Doing It Again: The People’s Convention; Casada Goes National

As petitions for city offices continue to be pulled at the offices of the Shelby County Election Commission, attention this week focuses on the forthcoming People’s Convention, scheduled for Saturday at the Paradise Entertainment Center. The affair is intended as a redo of sorts of the 1991 People’s Convention that endorsed Willie Herenton as a consensus black candidate for that year’s Memphis mayoral race.

While this convention, scheduled for an 11 a.m. kickoff, is also rooted to a large degree in concerns of black Memphians, it may be both wider and more constricted in its scope than the original — wider, in that it may also draw white Midtown supporters of mayoral candidate Tami Sawyer, narrower in that backers of Sawyer would seem to be more involved in the affair than those of the two other prominent candidates, current Mayor Jim Strickland and Herenton, who retired from the office of mayor in 2009 after serving 17-plus years and is making another bid for the office.

Jackson Baker

Host David Pool (l) welcomes former Judge Robert L. “Butch” Childers to his weekend event.

Whatever the case, the Rev. Earle Fisher, a prominent ally of Sawyer, has been a major figure in organizing the convention, though numerous community organizations, including the AFSCME union and Black Lives Matter, are taking part, and the stated agenda includes such overriding issues as education, economic justice, and public safety.

• An annual event to which political candidates and pol-watchers are invited was held on Sunday at the site of a burned-out former residence on a high bluff in North Memphis overlooking the Mississippi River.

The residence was that of the late Charlie Pool, an eminent lawyer and longtime eminent member of the local Democratic Party establishment. More accurately, the house was to have been Pool’s residence. Moved plank by plank from Downtown, where it had once belonged to former Congressman Frederick Stanton, it was destroyed in 1981 by a fire, presumably set by an arsonist, before it could be inhabited in its new location.

But the concrete base of the house remains, and it serves today as a stage for the annual summer crawfish feed and jamboree put on for all and sundry by the former owner’s son David Pool, a guitarist and singer who has turned to the law as a career. The younger Pool is now serving as a Judicial Commissioner for Shelby County and is running this year for the Position 3 Memphis city judgeship now held by incumbent Jayne Chandler.

Chandler didn’t make it to the crawfish feed, though she was invited to the event by Pool, who described her to attendees as a “wonderful lady.” He added, “Of course, I’m wonderfuller.”

Several other members of the county’s judicial community were on hand, along with a smattering of candidates for the city election, for the opportunity on a fine summer day to schmooze, enjoy food and drink, and hear music performed by Pool and his informal band, the Risky Whiskey Boys.

• If Glen Casada, the presumably soon-to-be ex-speaker of the Tennessee House of Representatives, has kept to the schedule he announced in the wake of the scandal that forced his announced intention to resign, he is back in the state as of Monday after completing a long-planned post-session trip to Europe.

Before Casada left the country, he had announced his intent to get together on June 3rd and thereafter with members of the House Republican caucus, a majority of whom had given him a no-confidence vote, so as to map out plans for his resignation and replacement.

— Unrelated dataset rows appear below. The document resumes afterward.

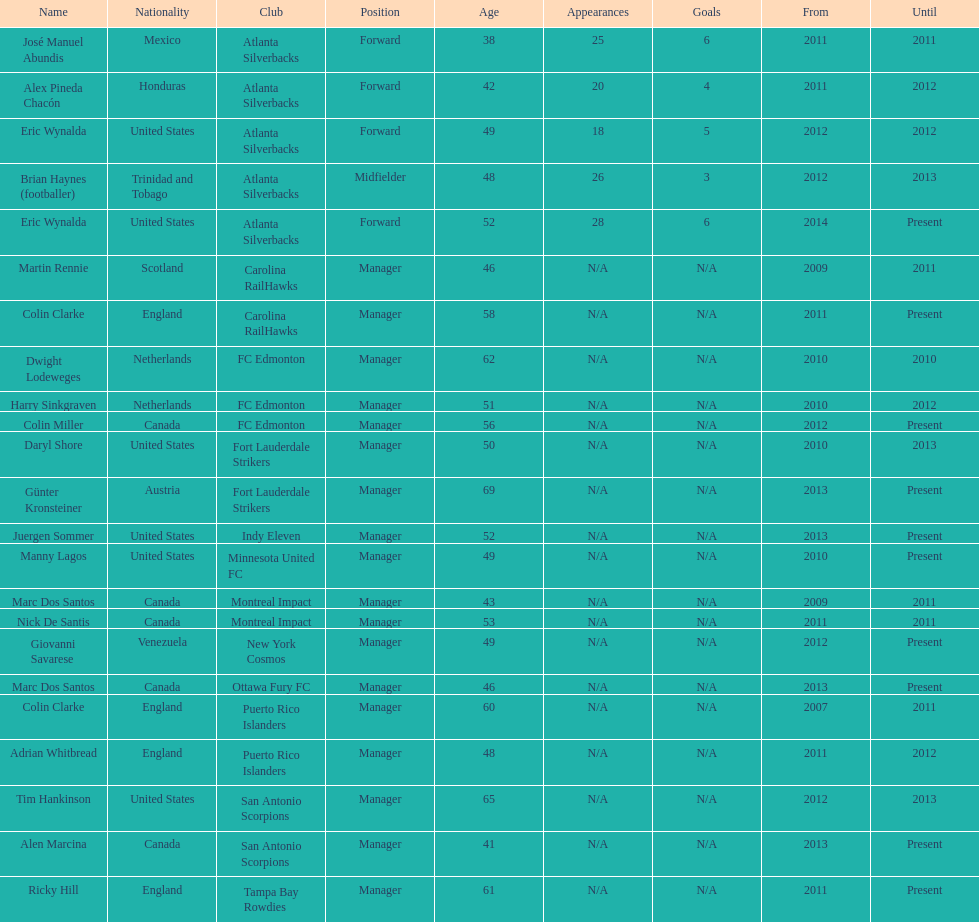How long did colin clarke coach the puerto rico islanders for? 4 years. 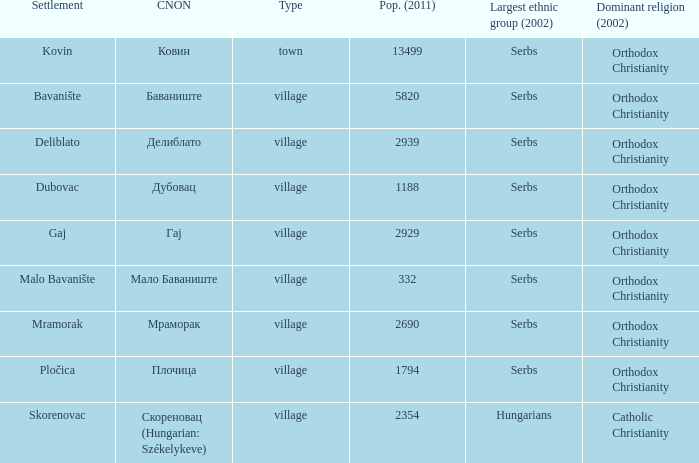What is the Deliblato village known as in Cyrillic? Делиблато. 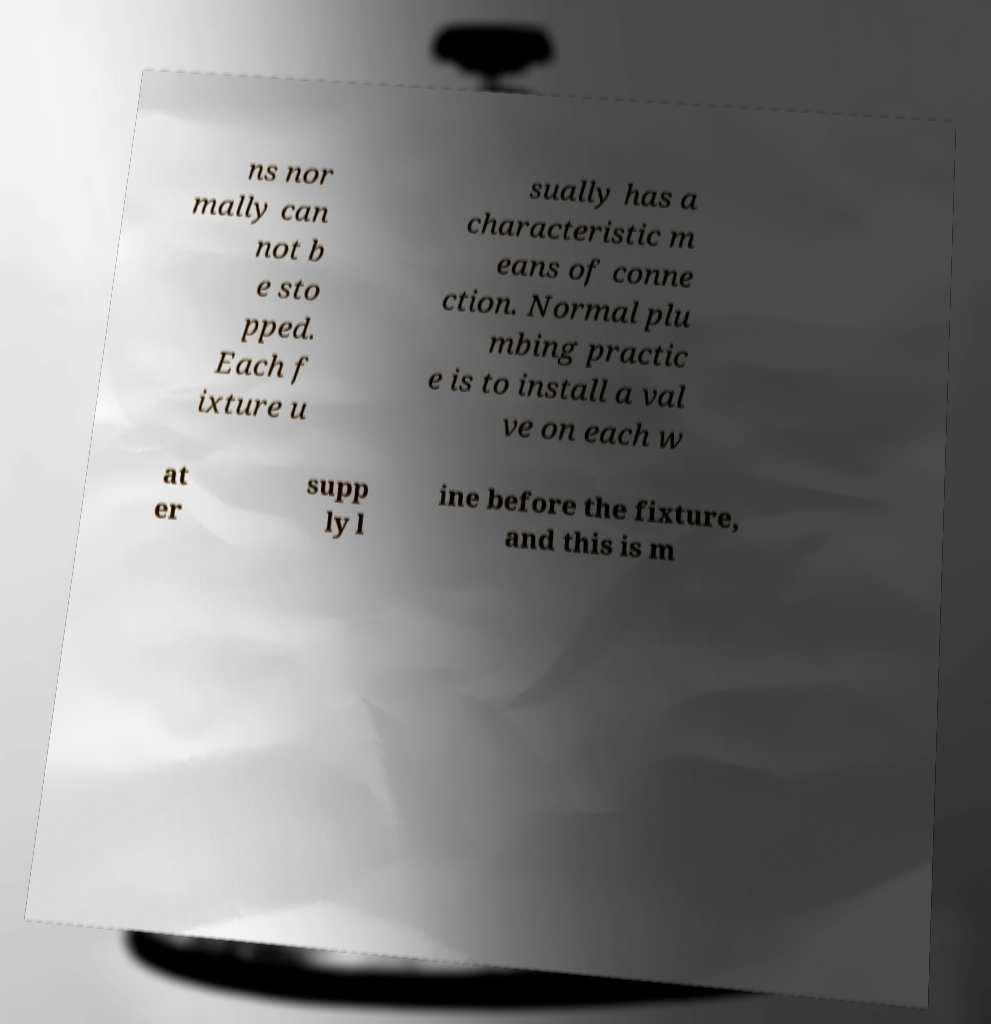For documentation purposes, I need the text within this image transcribed. Could you provide that? ns nor mally can not b e sto pped. Each f ixture u sually has a characteristic m eans of conne ction. Normal plu mbing practic e is to install a val ve on each w at er supp ly l ine before the fixture, and this is m 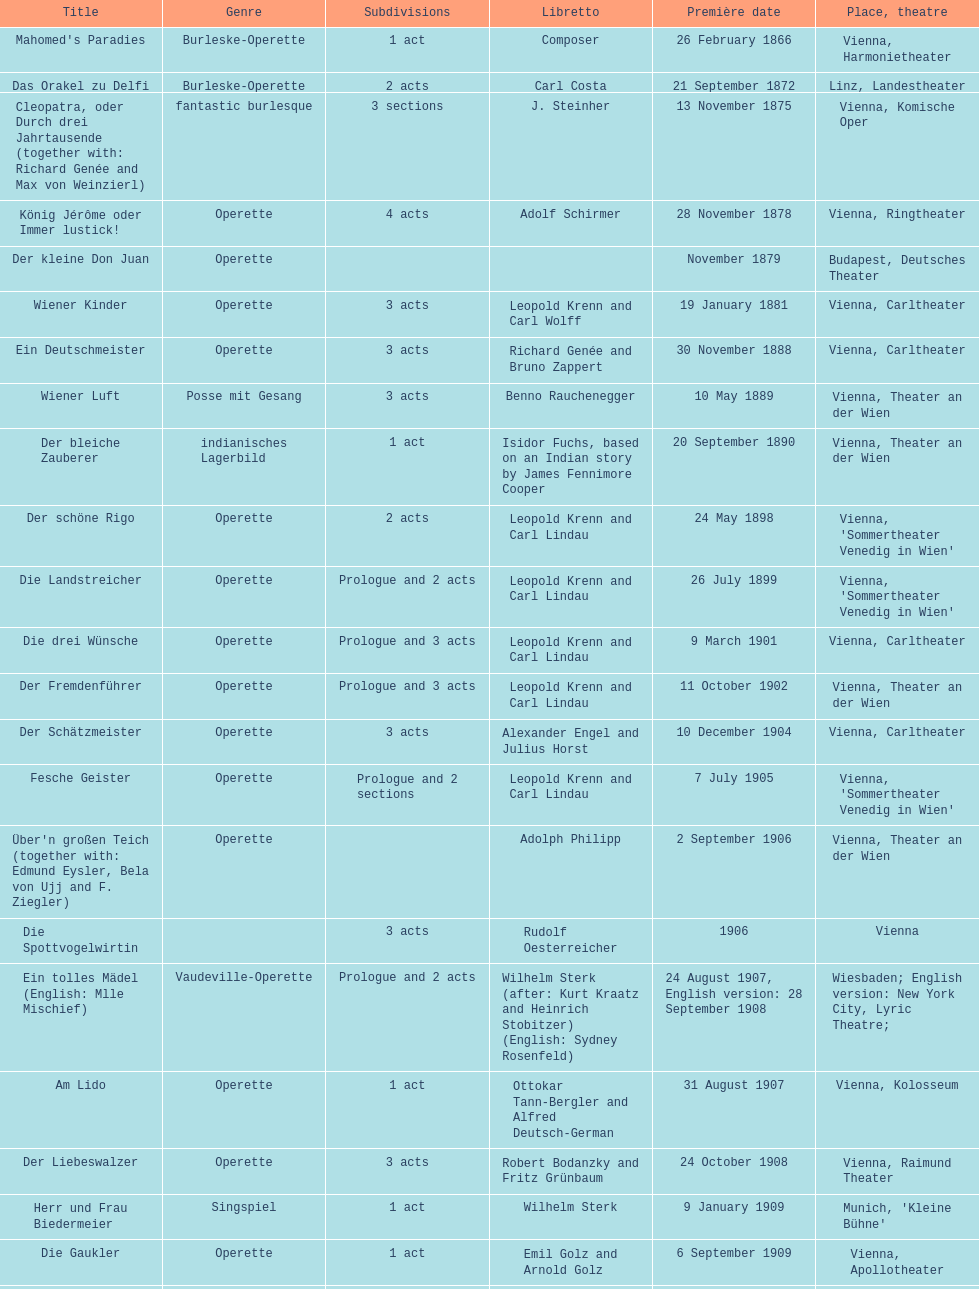Up to which year do all the dates go? 1958.

The reasons for Casada’s downfall were many — including public exposure of  an exchange of racist and misogynist emails between Casada and his youthful aide, Cade Cothren, suspicions that Casada and his aide had conducted electronic spying on members, and evidence that they may have forged the date of an email so as to make it appear that an anti-Casada protestor had defaulted on a court order.

So who is to succeed Casada as speaker? There are several candidates among House Republicans, including Speaker Pro Tem Bill Dunn (R-Knoxville), who is next in the line of succession.

But state Representative Dwayne Thompson (D-Memphis) has an unorthodox proposal. Noting that all the hopefuls mentioned so far are members of the Republican supermajority that voted to make Casada speaker, either in a preliminary GOP caucus last November or on the floor of the House in January, Thompson suggests that, to ensure a genuine break with that now-tarnished outcome, the new speaker should be someone who did not participate in such voting.

Thompson further points out that nothing in the state Constitution mandates that the House speaker be an actual member of that body, only that the members of the House have the power to choose a qualified Tennessean to preside over their business as speaker. Conceding that the Republicans are now the majority party and should ideally have first dibs on the speakership, Thompson has a candidate in mind.

That would be Gerald McCormick, who was the GOP’s House Majority Leader for several terms while a member representing a Chattanooga district, but who moved his residence to Nashville before the 2018 election and consequently did not run for reelection.

In the process, argues Thompson, McCormick became the ideal successor to represent Tennesseans as speaker of the House. As a native of Shelby County, where he attended Germantown High School, McCormick has familiarity with all three of Tennessee’s grand districts — West Tennessee, Middle Tennessee, and East Tennessee. And his reputation, while serving in the House, was that of a fair-minded arbiter who, while representing the Republican majority, maintained good relations with the Democratic minority.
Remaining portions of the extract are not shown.